**Task directions**
The answer should contain only the lines running from the line with "- utensil holder (27,0,217,16)" to the end of the material, reproduced verbatim.

START Exercise materials

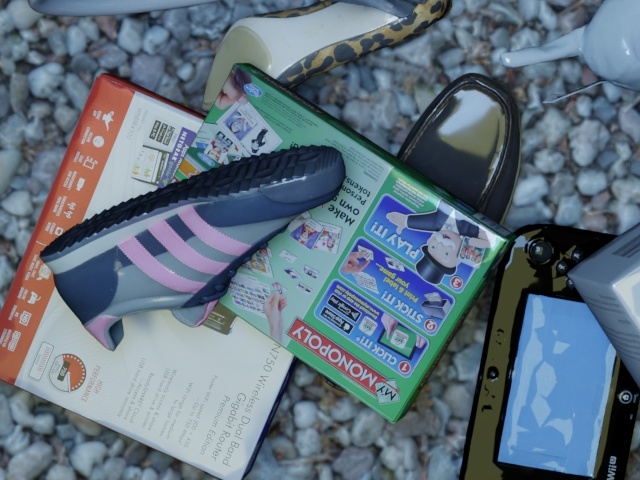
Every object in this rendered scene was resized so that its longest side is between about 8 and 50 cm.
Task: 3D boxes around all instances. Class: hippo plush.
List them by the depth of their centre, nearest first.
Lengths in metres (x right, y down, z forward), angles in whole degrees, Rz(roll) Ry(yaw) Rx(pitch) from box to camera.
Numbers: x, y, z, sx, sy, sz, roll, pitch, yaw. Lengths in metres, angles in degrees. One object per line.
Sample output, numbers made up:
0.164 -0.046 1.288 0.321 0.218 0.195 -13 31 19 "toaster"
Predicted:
0.363 -0.251 1.746 0.294 0.234 0.237 -2 73 31 "hippo plush"

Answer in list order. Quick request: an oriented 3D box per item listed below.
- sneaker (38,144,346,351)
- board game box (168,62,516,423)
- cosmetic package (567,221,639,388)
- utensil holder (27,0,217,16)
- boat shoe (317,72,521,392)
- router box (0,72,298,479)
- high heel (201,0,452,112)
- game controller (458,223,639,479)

END Exercise materials

**Answer to this exercise**
- utensil holder (27,0,217,16)
- boat shoe (317,72,521,392)
- router box (0,72,298,479)
- high heel (201,0,452,112)
- game controller (458,223,639,479)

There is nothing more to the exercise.